Background
Machine learning (ML) models can be used to predict future frailty in the community setting. However, outcome variables for epidemiologic datasets such as frailty usually have an imbalance between categories, i.e., there are far fewer individuals classified as frail than as non-frail, adversely affecting the performance of ML models when predicting the syndrome.
Methods
A retrospective cohort study with participants (50 years or older) from the English Longitudinal Study of Ageing who were non-frail at baseline (2008-2009) and reassessed for the frailty phenotype at four-year follow-up (2012-2013). Social, clinical, and psychosocial baseline predictors were selected to predict frailty at follow-up in ML models (Logistic Regression, Random Forest (RF), Support Vector Machine, Neural Network, K-nearest neighbour, and Naive Bayes classifier).
Results
Of all the 4378 non-frail participants at baseline, 347 became frail at follow-up.

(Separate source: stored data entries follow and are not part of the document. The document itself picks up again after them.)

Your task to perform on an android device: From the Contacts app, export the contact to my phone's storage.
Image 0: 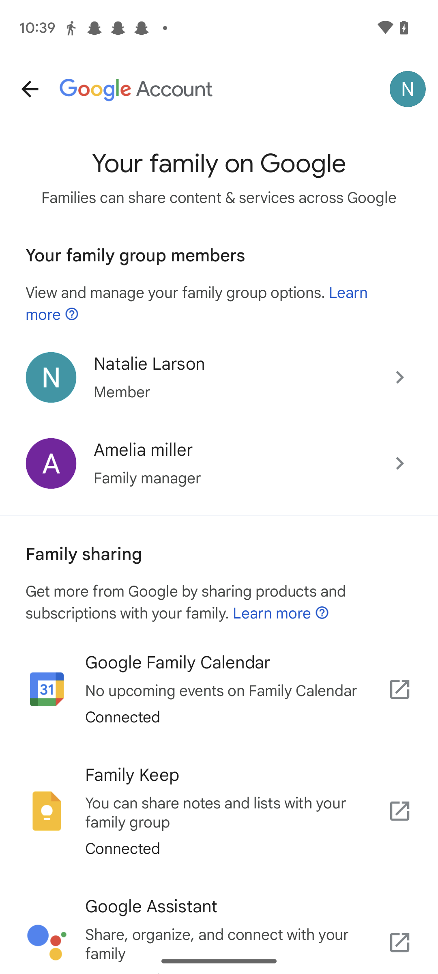
Go back to the Fix & manage menu.
Step 0: press back button
Image 1: 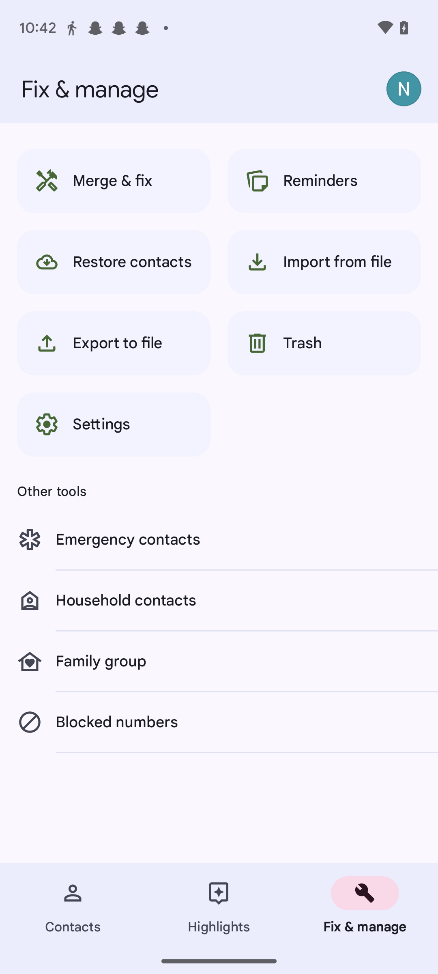
Click on the Export to file.
Step 1: click (114, 343)
Image 2: 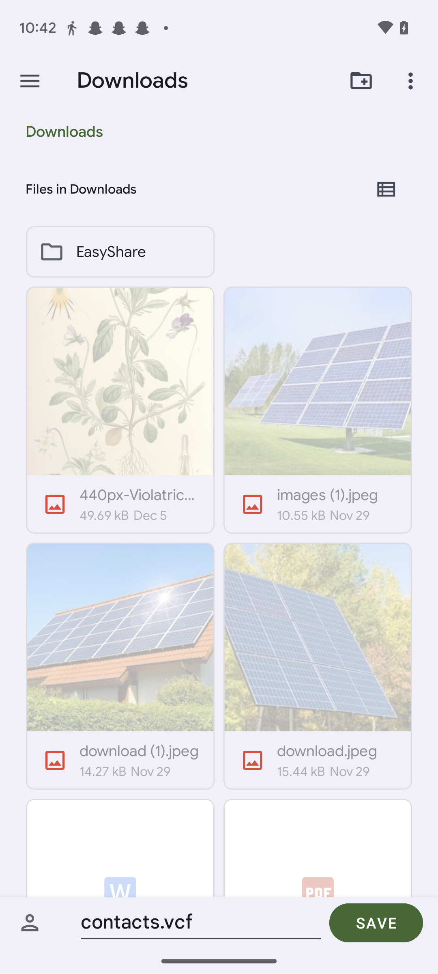
Click on the Save icon at the bottom of the screen.
Step 2: click (376, 922)

The proposed combined oversampling and undersampling method to adjust imbalanced data improved the performance of the models, and RF had the best performance, with areas under the receiver operating characteristic curve and the precision recall curve of 0.92 and 0.97, respectively, specificity of 0.83, sensitivity of 0.88 and balanced accuracy of 85.5% for balanced data. Age, chair-rise test, household wealth, balance problems, and self-rated health were the most important frailty predictors in most of the models trained with balanced data.
Conclusion
Machine learning proved useful in identifying individuals who became frail over time, and this result was made possible by balancing the dataset. This study highlighted factors that may be useful in the early detection of frailty.